---

_You are currently looking at **version 1.1** of this notebook. To download notebooks and datafiles, as well as get help on Jupyter notebooks in the Coursera platform, visit the [Jupyter Notebook FAQ](https://www.coursera.org/learn/python-machine-learning/resources/bANLa) course resource._

---

# Assignment 3 - Evaluation

In this assignment you will train several models and evaluate how effectively they predict instances of fraud using data based on [this dataset from Kaggle](https://www.kaggle.com/dalpozz/creditcardfraud).
 
Each row in `fraud_data.csv` corresponds to a credit card transaction. Features include confidential variables `V1` through `V28` as well as `Amount` which is the amount of the transaction. 
 
The target is stored in the `class` column, where a value of 1 corresponds to an instance of fraud and 0 corresponds to an instance of not fraud.

In [1]:
import numpy as np
import pandas as pd

### Question 1
Import the data from `fraud_data.csv`. What percentage of the observations in the dataset are instances of fraud?

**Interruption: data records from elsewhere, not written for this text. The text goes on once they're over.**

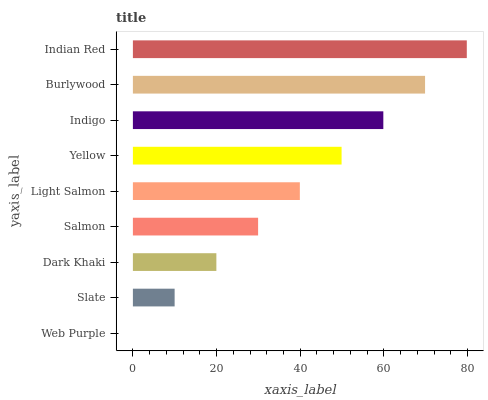Is Web Purple the minimum?
Answer yes or no. Yes. Is Indian Red the maximum?
Answer yes or no. Yes. Is Slate the minimum?
Answer yes or no. No. Is Slate the maximum?
Answer yes or no. No. Is Slate greater than Web Purple?
Answer yes or no. Yes. Is Web Purple less than Slate?
Answer yes or no. Yes. Is Web Purple greater than Slate?
Answer yes or no. No. Is Slate less than Web Purple?
Answer yes or no. No. Is Light Salmon the high median?
Answer yes or no. Yes. Is Light Salmon the low median?
Answer yes or no. Yes. Is Indigo the high median?
Answer yes or no. No. Is Yellow the low median?
Answer yes or no. No. 
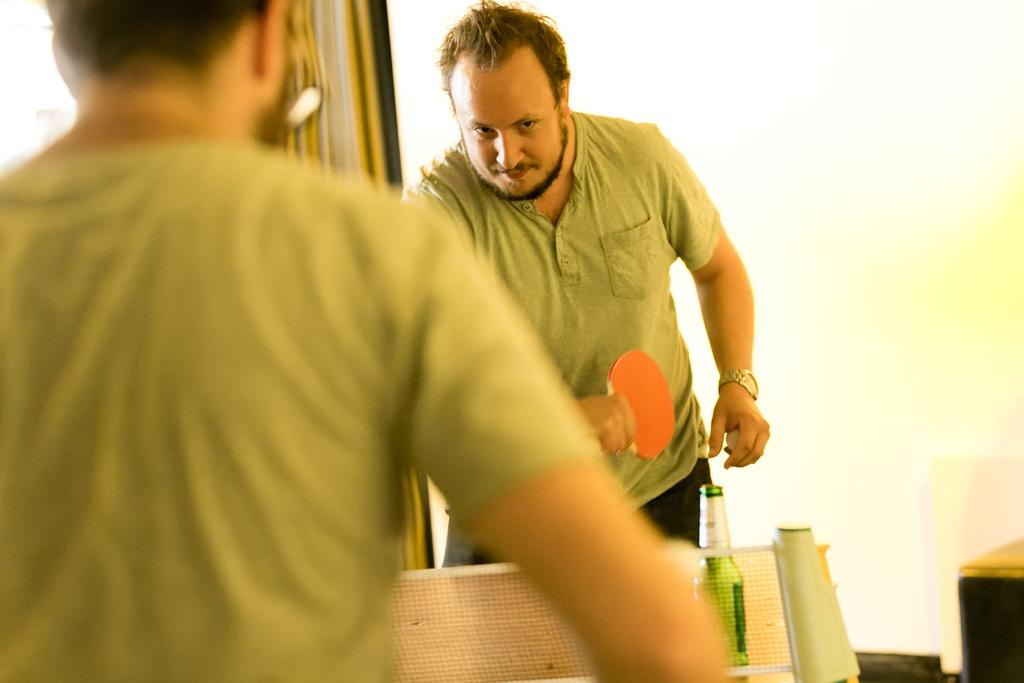What activity are the two persons engaged in? The two persons are playing table tennis. What color are the t-shirts worn by both persons? Both persons are wearing olive green t-shirts. Can you identify any other objects in the image? Yes, there is a liquor bottle in the image. Which person is holding a bat? One person is holding a bat. What type of yoke is being used by the players in the image? There is no yoke present in the image; the activity is table tennis, which does not involve a yoke. What type of linen can be seen draped over the table in the image? There is no linen draped over the table in the image. 
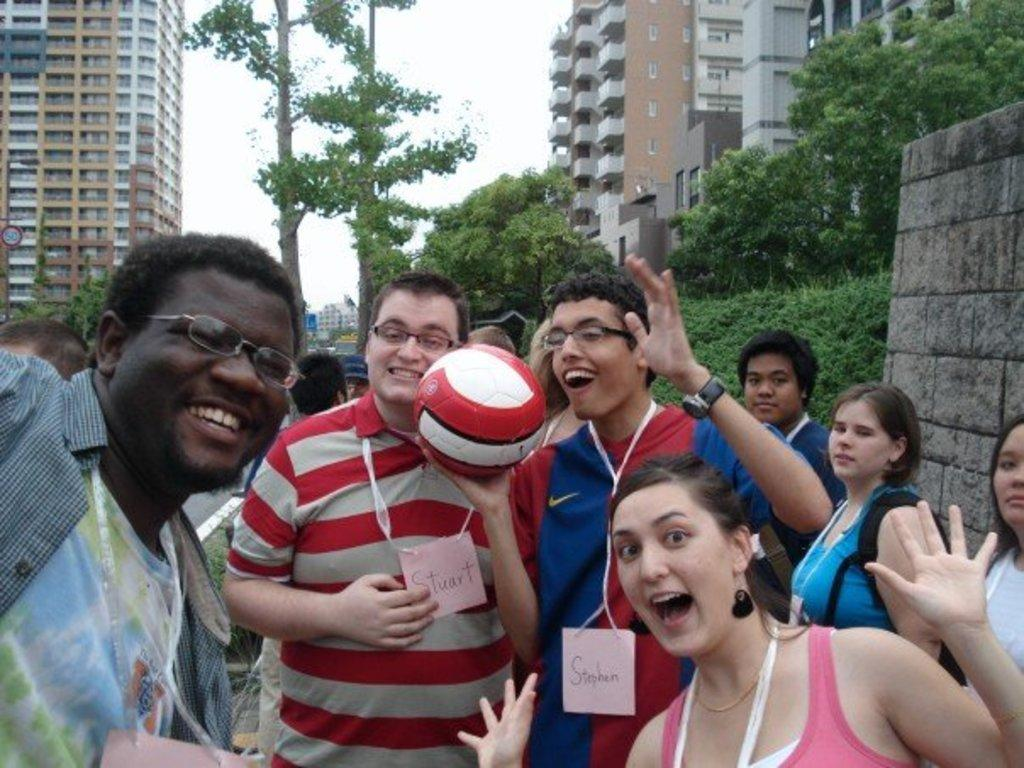How many people are in the image? There is a group of people in the image. What is one person holding in the image? One person is holding a ball. What can be seen in the background of the image? There are trees, a building, and the sky visible in the background of the image. What type of ring is being passed around in the image? There is no ring present in the image. What belief system do the people in the image follow? The provided facts do not give any information about the beliefs or religion of the people in the image. 
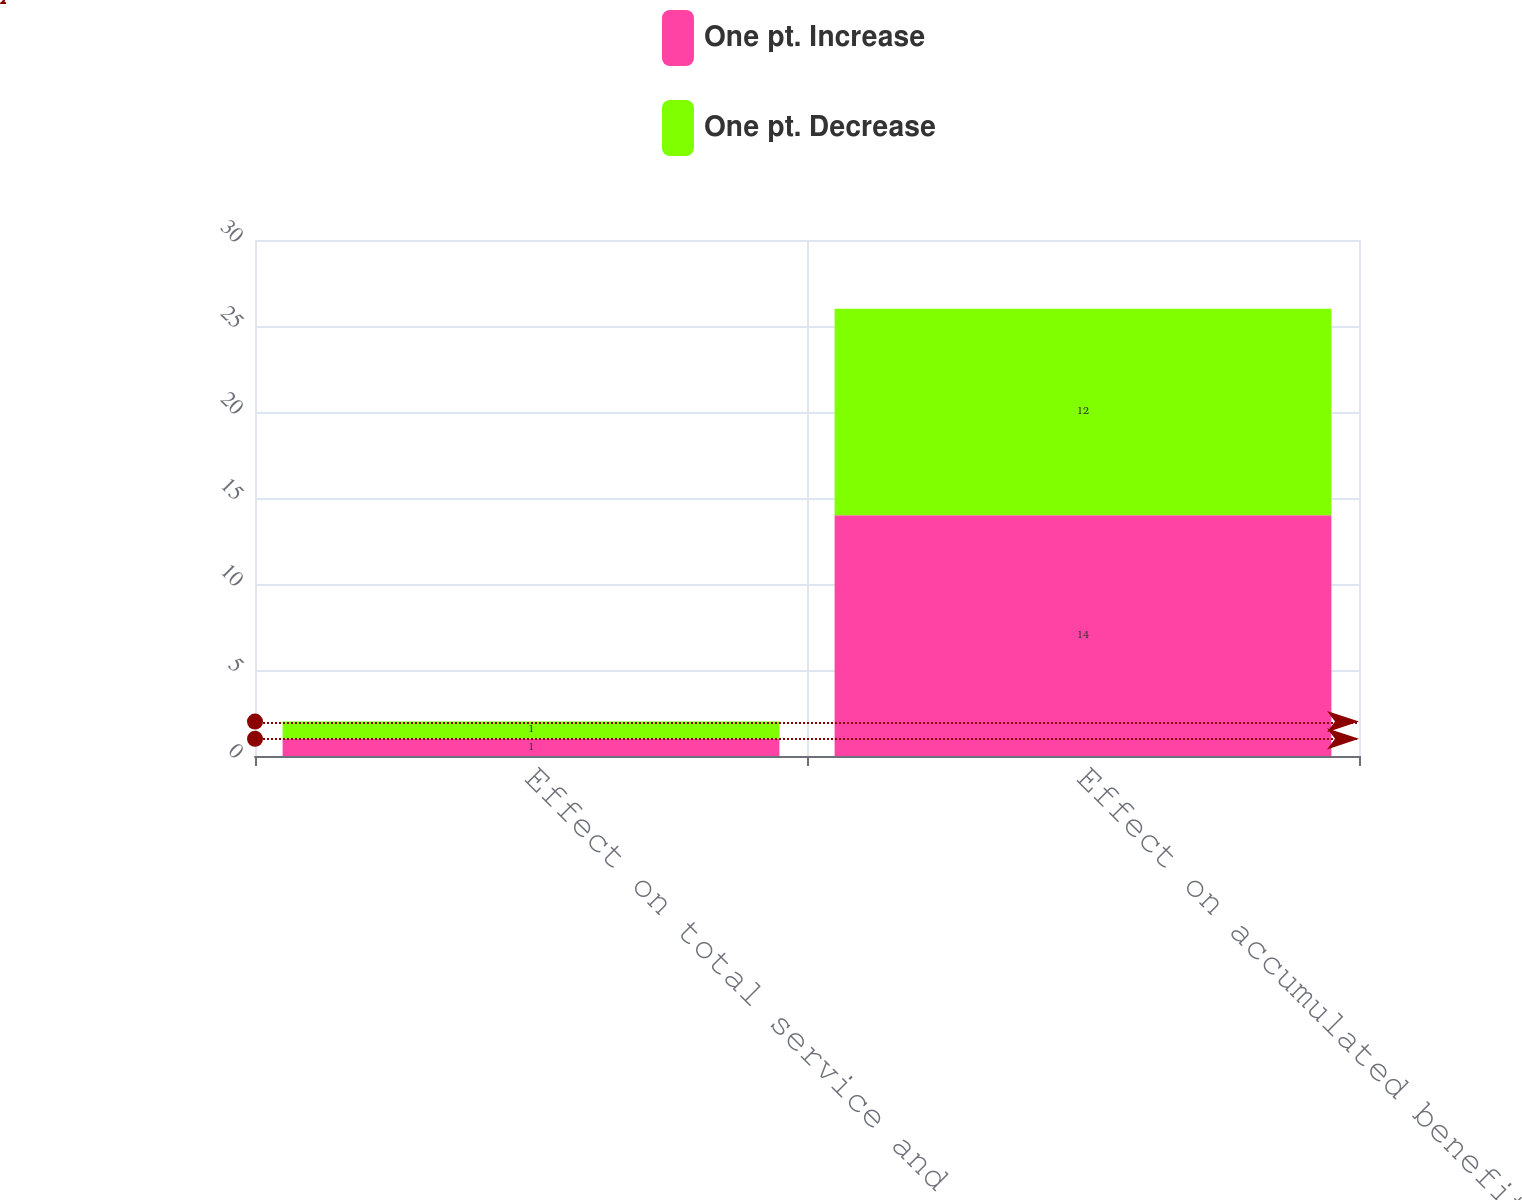<chart> <loc_0><loc_0><loc_500><loc_500><stacked_bar_chart><ecel><fcel>Effect on total service and<fcel>Effect on accumulated benefit<nl><fcel>One pt. Increase<fcel>1<fcel>14<nl><fcel>One pt. Decrease<fcel>1<fcel>12<nl></chart>

*This function should return a float between 0 and 1.* 

In [120]:
def answer_one():
    df = pd.read_csv('fraud_data.csv')
    bc = np.bincount(df['Class'])
    result = bc[1]/(bc[0]+bc[1])
    return result

answer_one()

0.016410823768035772

In [123]:
# Use X_train, X_test, y_train, y_test for all of the following questions
from sklearn.model_selection import train_test_split

df = pd.read_csv('fraud_data.csv')

X = df.iloc[:,:-1]
y = df.iloc[:,-1]

X_train, X_test, y_train, y_test = train_test_split(X, y, random_state=0)

X_train.head()

Unnamed: 0,V1,V2,V3,V4,V5,V6,V7,V8,V9,V10,...,V20,V21,V22,V23,V24,V25,V26,V27,V28,Amount
7681,-1.332095,0.828224,1.280394,-0.000192,0.006864,0.19342,0.06511,-0.694045,0.020374,0.275932,...,-0.361099,0.632575,-0.286266,0.283056,0.01971,-0.5707,0.409895,-0.669576,-0.374803,4.0
21329,1.900589,-0.850905,-0.856684,0.419809,-0.329338,0.512227,-0.64483,0.083636,-0.62246,1.10066,...,-0.393216,-0.234496,-0.263067,0.151624,0.170524,-0.142015,-0.703641,0.049886,-0.021393,96.0
14695,2.242056,-1.496697,-1.006464,-1.448708,-1.440162,-1.03527,-1.011986,-0.251838,-1.06055,1.598898,...,-0.443243,-0.170011,-0.090092,0.194057,-0.155795,-0.199022,-0.153737,-0.005144,-0.049103,50.0
12338,-0.308109,1.10705,-0.184132,-0.528948,1.000317,-0.517253,0.935125,0.012976,-0.15011,-1.081891,...,0.055325,0.044064,0.465492,-0.370183,-0.561096,-0.152336,0.590986,0.376048,0.248322,3.79
17768,-1.40541,1.985541,-1.290536,-1.672087,1.133642,-1.327069,1.839333,-0.605819,1.243372,2.321808,...,0.881069,-0.058432,0.731687,-0.273287,-0.427056,-0.032592,0.073411,0.779993,0.247911,1.54


### Question 2

Using `X_train`, `X_test`, `y_train`, and `y_test` (as defined above), train a dummy classifier that classifies everything as the majority class of the training data. What is the accuracy of this classifier? What is the recall?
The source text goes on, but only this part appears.